The Old Boot Inn. 1780.
From an old Engraving
Here it was that Sim Tappertit, as chief or captain of the United Bulldogs, swaggered about with majestic air, among his fellow conspirators, creating a great impression by his dignity and assumed demeanour of importance, whilst plots and acts of menace were hatched out. In those days the fields were known as Lamb Conduit Fields, which district has become now a very thickly populated neighbourhood between Euston Road and Gray’s Inn Road, with the name still perpetuated in Lambs Conduit Street. There is a Boot Tavern still standing to-day at 116 Cromer Street, and there is no reason to doubt that it is the successor of the Boot mentioned in Barnaby Rudge as the headquarters of the Gordon Rioters, which actually stood at that spot in 1780. Situated as it was then, the solitary surroundings became a refuge at night for rioters in lanes, under the hay-stacks, or near the warmth of brick-kilns, when they were not in the tavern planning desperate deeds in the name of the Protestant Association of England, sanctioned by Lord George Gordon. The present Boot was rebuilt in 1801 by Peter Speedy, and five generations of the family have owned it for something like 150 years. Even as far back as 1630 we learn that a Thomas Cleave invested £50 in the Boot Tavern, the interest on which was to be spent weekly on thirteen penny loaves, to be distributed to the poor at the door of St. Pancras’ Church every Sunday morning.

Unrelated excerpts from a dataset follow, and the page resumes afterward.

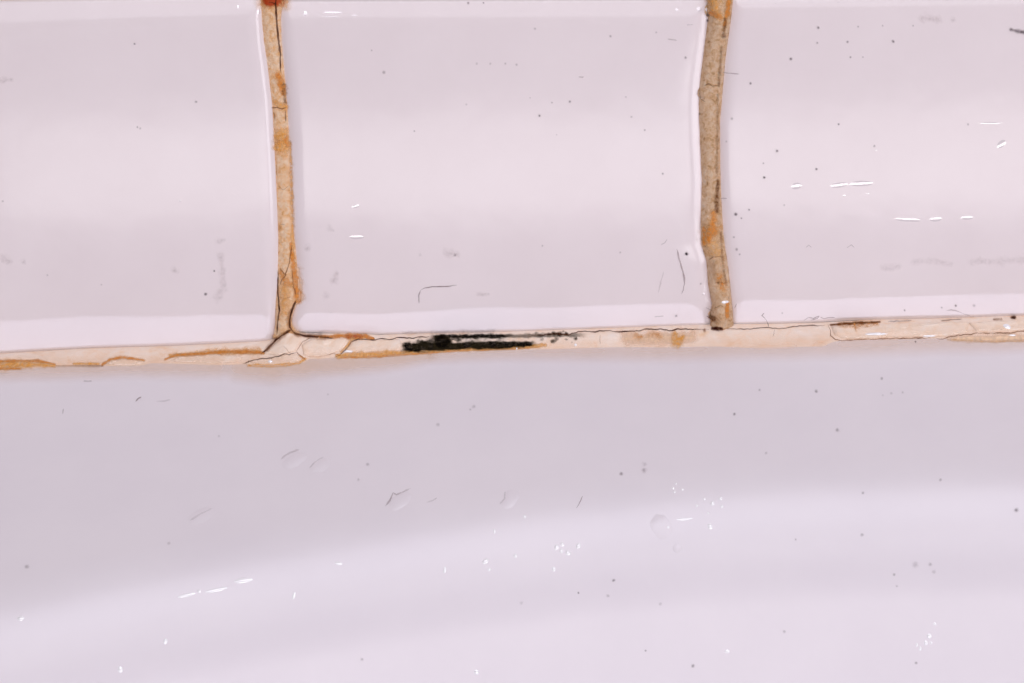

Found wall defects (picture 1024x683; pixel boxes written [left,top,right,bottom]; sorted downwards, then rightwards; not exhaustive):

corrosion [273,72,288,111]
corrosion [274,128,304,315]
corrosion [702,211,721,256]
crack [244,247,424,364]
corrosion [709,274,729,321]
corrosion [0,359,56,370]
corrosion [73,356,145,366]
corrosion [165,348,306,367]
damp [402,332,577,352]
crack [541,316,1020,341]

Among the original illustrations to the book is one of the Boot engraved from a drawing by George Cattermole, who made it from a contemporary etching, which we reproduce here. In comparing it with Cattermole’s picture it will be observed that it differs very slightly in detail, but is turned the other way round. This, no doubt, is accounted for by the fact that the drawing was made on wood and when engraved and printed the picture became reversed. The stream running in front of the inn is the Fleet, which still flows underground.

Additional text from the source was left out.